I will be saving a couple of these to confuse folks at the BBQ with.

Reactions: Like 1


----------



## David Van Asperen (Apr 29, 2016)

What do you want help with, is it something that I can do from here?
Or---------------------are you just trying to make me crazy with these crazy pics
Dave

Reactions: Thank You! 1


----------



## justallan (Apr 29, 2016)

David Van Asperen said:


> What do you want help with, is it something that I can do from here?
> Or---------------------are you just trying to make me crazy with these crazy pics
> Dave


Heck, if you get bored come on out.


----------



## Tony (Apr 29, 2016)

Man, I sure wish you were closer. I would definitely be out there helping! (Myself to some wood at the very least!!) Tony

Reactions: Like 1


----------



## Tclem (Apr 29, 2016)

Junk wood. Cut it up and give it away like the good guy you are

Reactions: Agree 1 | Funny 2


----------



## Nature Man (Apr 29, 2016)

justallan said:


> Chuck, I'll just wait until about August and see how you feel about getting out of that friggin' Redding heat.


Good point... It does warm up down here. Chuck


----------



## Kevin (May 1, 2016)

justallan said:


> Have you ever heard the joke that ends with, "I was checking for squirrels, Dad!"



I have heard the ending ......

Reactions: Agree 1


----------



## justallan (May 1, 2016)

Kevin said:


> I have heard the ending ......


The day I'm kicked off here for being inappropriate, it's going to for something more substantial than telling that joke.
I may be some dumb, but I'm not plumb dumb!

Reactions: Funny 3


----------



## Kevin (May 1, 2016)

It must be a doozy lol.

Reactions: Funny 1


----------



## justallan (May 2, 2016)

Out fencing today I remembered this tree. I'm not sure if I have shown pics of it before.

Reactions: Like 2 | Way Cool 4


----------



## David Van Asperen (May 3, 2016)

There must be some "sickness" in the soil that prevents these trees from growing properly.


----------



## justallan (May 3, 2016)

Possibly all of the shallow coal here, but I surely wouldn't have a clue if that would change things.


----------



## DKMD (May 3, 2016)

I don't recognize that last tree with the hat on, but then trees look different when they're wearing hats.

Reactions: Funny 1


----------



## HomeBody (May 4, 2016)

David Van Asperen said:


> There must be some "sickness" in the soil that prevents these trees from growing properly.

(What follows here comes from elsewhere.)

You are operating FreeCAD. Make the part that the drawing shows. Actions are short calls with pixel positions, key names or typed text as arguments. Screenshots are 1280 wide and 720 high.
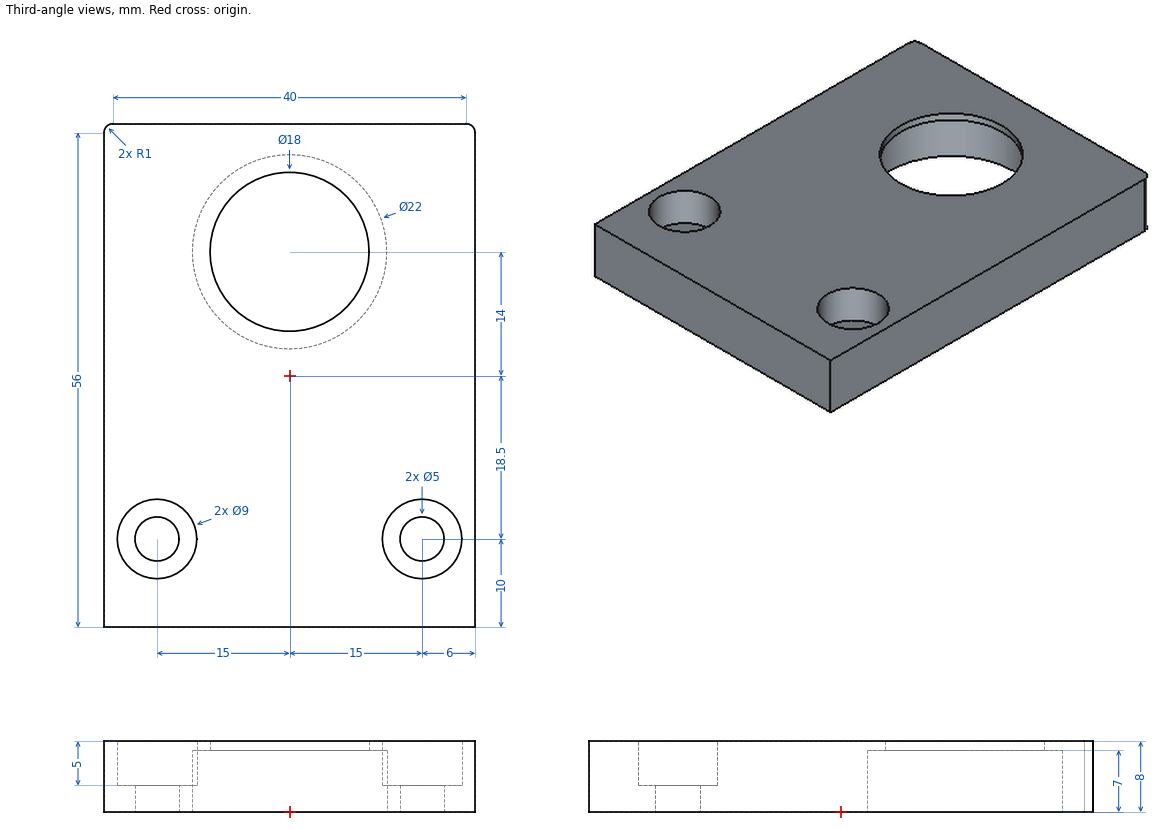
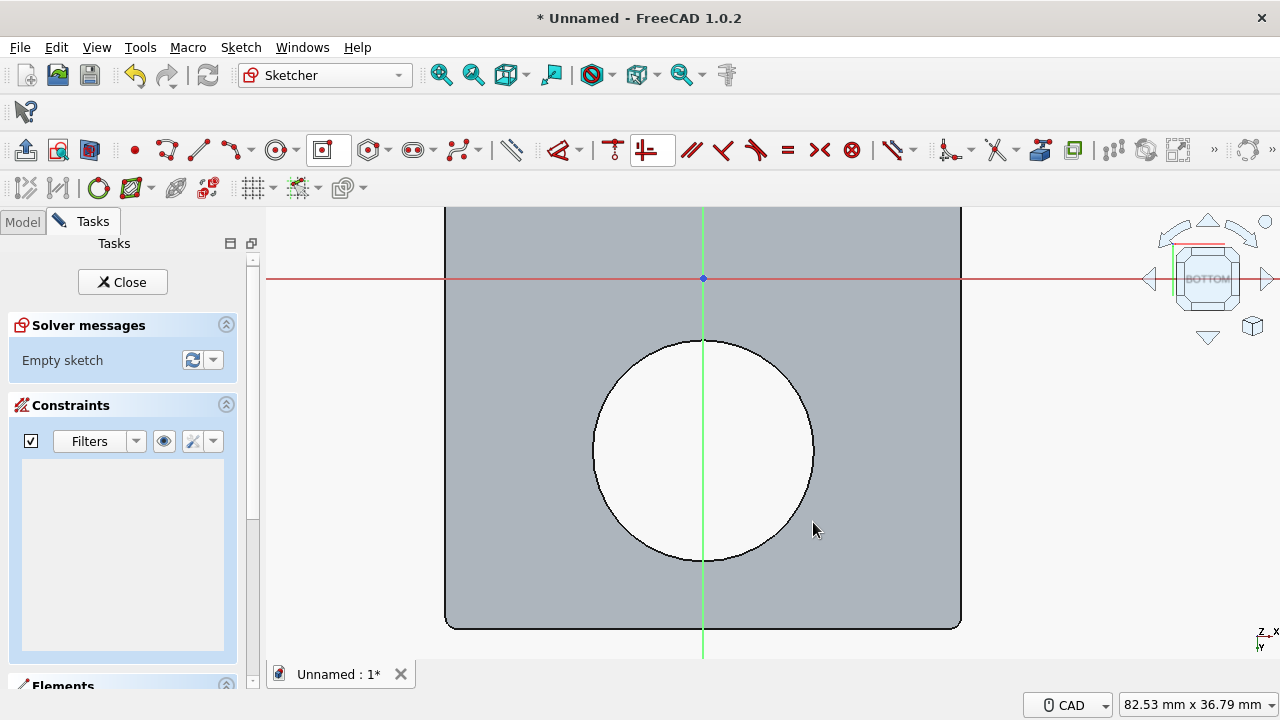
click(276, 150)

I think there must be something to that. I've lived here all my life and spent a lot of it in the woods. You couldn't find a burl around here if someone paid you. Extremely rare. I feel like I'm missing out. Need to move I guess. Gary

Reactions: Agree 1


----------



## justallan (May 4, 2016)

I think a good part of it is that I've spent literally thousands of hours on my 4-wheeler checking cows, checking waters, checking fences and hunting horns. Unless I'm in a hurry what I do is try to take a slightly different route every time.
Also we had a real fast moving fire 4 years ago that took out all of the underbrush, so it's all basically a brand new hunt now. A few years ago I found a Waterloo hit-&-miss engine that was made in 1916. The funny thing is that I'd rode 20' away from it probably over 100 times and never seen it.

Reactions: Way Cool 2


----------